40 minutes later loaded back on the bus, we begin our return...we take a brief detour through matagalpa for some local color on film...it's a small interesting town on the side of a hill...there is a park...we drive around it there is a man selling something cold from a colorful cart...three girls giggle as the bus passes by them...life goes on...and we are out the other side of town and i am back at the keyboard trying to beat the sunset...

jerry van campen and i get into a big rap about the stock market and computers and he's been working on statistics and cyclical relationships and knows a whole bunch about ticker tapes and dow jones and put and call options and i'm impressed but my enthusiasm doesn't seem to be able to hold my eyes open and i find myself nodding but not affirmatively...still the conversation makes the kilometers fly and soon we are turning onto the road leading to the hotel and it is only 7:15 pm. big cheer for the driver...we have 45 minutes until the press conference...we know how we feel about most of the issues...bob just keeps encouraging us to be personal when we talk to the press...tell about the things that we experienced personally...he'll learn.

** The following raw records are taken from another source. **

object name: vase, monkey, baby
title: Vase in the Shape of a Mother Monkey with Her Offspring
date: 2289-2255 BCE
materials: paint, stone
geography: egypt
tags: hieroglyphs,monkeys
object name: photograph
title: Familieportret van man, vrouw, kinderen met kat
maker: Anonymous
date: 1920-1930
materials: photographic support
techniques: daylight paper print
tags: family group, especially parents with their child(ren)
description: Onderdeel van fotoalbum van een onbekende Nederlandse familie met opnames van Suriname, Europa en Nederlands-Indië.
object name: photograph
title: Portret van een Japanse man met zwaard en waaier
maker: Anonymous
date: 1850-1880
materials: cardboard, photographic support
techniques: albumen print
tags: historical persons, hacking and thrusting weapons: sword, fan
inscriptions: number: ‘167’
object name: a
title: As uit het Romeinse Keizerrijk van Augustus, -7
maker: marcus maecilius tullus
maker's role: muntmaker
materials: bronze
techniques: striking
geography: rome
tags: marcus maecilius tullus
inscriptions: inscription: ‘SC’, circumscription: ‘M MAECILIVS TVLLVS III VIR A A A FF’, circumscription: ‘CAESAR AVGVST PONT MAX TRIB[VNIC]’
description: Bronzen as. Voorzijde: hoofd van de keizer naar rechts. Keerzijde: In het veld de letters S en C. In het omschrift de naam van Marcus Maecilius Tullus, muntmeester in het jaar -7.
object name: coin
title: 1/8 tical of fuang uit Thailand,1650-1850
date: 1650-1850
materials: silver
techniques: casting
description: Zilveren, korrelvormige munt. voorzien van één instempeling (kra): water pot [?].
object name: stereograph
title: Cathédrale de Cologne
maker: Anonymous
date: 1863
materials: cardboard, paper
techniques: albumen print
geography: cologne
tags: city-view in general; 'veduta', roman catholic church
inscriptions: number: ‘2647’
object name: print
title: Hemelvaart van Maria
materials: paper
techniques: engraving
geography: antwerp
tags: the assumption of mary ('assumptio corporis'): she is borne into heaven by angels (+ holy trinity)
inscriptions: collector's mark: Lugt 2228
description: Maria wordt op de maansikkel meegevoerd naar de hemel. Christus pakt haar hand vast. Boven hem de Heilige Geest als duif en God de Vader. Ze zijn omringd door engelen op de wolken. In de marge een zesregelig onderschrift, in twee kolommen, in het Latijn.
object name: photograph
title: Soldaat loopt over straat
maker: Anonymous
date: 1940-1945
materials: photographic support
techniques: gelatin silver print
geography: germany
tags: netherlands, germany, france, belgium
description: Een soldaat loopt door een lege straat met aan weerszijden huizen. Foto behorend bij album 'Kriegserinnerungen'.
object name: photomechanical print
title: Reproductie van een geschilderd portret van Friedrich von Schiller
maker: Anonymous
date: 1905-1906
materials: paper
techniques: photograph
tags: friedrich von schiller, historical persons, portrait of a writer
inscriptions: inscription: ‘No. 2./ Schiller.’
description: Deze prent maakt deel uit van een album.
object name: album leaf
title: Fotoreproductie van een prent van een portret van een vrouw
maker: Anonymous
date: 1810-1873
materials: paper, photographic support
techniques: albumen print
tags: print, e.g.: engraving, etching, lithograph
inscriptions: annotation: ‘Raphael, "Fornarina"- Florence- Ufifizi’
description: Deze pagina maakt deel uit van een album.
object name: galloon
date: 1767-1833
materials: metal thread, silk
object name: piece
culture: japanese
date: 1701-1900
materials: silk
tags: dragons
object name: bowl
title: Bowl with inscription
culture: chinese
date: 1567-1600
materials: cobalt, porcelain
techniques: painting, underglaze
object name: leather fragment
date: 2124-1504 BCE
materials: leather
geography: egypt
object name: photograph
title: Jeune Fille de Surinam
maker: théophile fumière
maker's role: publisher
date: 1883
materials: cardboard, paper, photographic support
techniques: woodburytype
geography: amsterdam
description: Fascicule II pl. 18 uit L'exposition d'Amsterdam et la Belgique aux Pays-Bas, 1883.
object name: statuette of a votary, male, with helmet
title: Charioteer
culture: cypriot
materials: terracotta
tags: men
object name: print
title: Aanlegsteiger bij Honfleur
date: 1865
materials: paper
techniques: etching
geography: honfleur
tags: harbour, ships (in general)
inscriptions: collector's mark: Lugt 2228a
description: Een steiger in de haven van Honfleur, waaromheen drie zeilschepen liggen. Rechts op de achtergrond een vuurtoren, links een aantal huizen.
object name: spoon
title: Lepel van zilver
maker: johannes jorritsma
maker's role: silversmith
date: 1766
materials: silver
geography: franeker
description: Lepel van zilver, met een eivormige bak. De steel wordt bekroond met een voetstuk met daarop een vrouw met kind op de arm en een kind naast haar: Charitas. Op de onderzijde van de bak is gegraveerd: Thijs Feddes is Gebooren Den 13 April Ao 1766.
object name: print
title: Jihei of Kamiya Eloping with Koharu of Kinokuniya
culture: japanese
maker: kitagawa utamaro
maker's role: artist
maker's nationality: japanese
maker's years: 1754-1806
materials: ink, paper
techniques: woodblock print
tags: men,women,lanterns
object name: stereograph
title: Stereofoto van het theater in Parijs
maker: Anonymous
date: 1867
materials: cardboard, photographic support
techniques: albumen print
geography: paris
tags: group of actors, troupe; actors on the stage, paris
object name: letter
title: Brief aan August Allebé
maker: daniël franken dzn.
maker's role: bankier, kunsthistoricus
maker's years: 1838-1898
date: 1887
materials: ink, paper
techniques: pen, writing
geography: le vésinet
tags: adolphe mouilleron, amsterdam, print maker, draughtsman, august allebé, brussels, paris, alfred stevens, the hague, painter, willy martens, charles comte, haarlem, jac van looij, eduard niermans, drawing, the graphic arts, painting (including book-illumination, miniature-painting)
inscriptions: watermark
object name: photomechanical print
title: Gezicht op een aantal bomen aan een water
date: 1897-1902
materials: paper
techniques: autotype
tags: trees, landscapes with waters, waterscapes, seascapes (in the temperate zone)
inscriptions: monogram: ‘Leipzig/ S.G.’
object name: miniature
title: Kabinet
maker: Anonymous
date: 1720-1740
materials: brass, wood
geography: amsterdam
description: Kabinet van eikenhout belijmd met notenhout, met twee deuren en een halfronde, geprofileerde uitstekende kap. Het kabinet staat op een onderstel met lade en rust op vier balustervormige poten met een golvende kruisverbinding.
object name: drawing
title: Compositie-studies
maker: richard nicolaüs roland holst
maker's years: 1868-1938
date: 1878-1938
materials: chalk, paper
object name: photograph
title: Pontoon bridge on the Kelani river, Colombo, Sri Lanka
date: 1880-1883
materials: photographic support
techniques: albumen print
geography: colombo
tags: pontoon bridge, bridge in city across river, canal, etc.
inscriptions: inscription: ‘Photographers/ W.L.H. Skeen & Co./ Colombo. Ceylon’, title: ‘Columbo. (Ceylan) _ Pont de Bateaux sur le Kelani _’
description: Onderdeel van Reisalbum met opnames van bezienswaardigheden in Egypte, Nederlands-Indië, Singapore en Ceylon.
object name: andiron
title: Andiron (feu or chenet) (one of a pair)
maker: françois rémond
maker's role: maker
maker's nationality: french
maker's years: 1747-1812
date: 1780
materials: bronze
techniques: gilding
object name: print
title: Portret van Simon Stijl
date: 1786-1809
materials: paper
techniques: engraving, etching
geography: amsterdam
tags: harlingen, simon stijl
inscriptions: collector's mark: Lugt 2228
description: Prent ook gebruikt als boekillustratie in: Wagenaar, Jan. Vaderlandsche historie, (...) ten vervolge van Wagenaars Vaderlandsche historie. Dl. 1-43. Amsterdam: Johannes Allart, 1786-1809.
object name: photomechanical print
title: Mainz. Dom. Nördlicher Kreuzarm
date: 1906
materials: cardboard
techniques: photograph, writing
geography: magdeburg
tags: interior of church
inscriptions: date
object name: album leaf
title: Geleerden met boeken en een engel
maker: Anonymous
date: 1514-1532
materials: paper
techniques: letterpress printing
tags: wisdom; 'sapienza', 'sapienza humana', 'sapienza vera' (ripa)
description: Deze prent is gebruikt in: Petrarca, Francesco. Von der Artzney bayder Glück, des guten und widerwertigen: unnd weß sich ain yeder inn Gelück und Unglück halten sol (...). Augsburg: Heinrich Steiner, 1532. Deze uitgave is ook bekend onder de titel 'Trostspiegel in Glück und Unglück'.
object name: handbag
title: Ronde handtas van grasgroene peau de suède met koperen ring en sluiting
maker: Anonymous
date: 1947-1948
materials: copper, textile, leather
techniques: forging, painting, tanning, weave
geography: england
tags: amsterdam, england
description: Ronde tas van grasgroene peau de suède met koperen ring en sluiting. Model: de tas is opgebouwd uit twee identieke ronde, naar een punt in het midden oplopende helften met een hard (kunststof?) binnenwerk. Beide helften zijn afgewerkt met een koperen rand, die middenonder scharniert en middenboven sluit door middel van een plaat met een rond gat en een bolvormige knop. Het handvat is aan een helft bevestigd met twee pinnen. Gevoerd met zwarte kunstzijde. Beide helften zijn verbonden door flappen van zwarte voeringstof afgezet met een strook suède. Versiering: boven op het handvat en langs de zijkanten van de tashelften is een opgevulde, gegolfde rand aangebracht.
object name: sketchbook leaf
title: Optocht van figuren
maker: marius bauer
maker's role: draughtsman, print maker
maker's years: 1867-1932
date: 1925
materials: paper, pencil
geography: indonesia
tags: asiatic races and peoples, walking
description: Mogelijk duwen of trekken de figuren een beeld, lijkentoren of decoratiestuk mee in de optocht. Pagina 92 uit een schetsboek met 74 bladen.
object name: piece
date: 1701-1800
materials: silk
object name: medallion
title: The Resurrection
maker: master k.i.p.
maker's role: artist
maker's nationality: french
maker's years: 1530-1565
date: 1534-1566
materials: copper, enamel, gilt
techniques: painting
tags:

we stand around in the hallway saying "elevator check" to the occasional passenger who stops at the 3rd floor. we are all showered and waiting for bob to come back upstairs and tell us that the conference is ready to roll. we don't know who will be in the room...some stringers for the networks probably...certainly television nicaragua...we walk in with janet shenk and the four of us sit crowded around the cluster of eight or nine microphones. peter speaks of our purpose in visiting nicaragua...we came to learn about the situation so that we might better understand what seems so complex an issue. the first question is well what have you seen here... and mary answers in a very introductory manner...it's informative...it speaks of the people and at the end concludes with the ever present awareness that there is a war going on here. a reporter standing in the back asks how we feel about the contra aid being passed by the congress. i am having trouble talking. peter and mary are holding my hand, now my arm. "so when you ask me about how i feel about contra-aid...what i remember most", i say, "is the priest holding this white flower above his head and saying this is a flower of peace...take it to the american people and ask them please not to pour our blood on it". there are tears down my cheeks and there is a hush...peter answers the next question...and in each case somewhere during each answer there comes that time for personal recall and the breakdown happens again...mary tells them that we've been doing press conferences for 25 years in countries all over the world and that this is the first time we have ever been so emotional. she answers a question about la prensa. i tell an anecdote about the absurdity of a golf trophy in the black forest lodge. and we speak of our meeting with Daniel Ortega. peter speaks of the assurance that nicaragua would be non-aligned because this is a country who is fighting and will continue to fight to preserve its freedom and independence...they will not be compromised by either the united states or the soviet union.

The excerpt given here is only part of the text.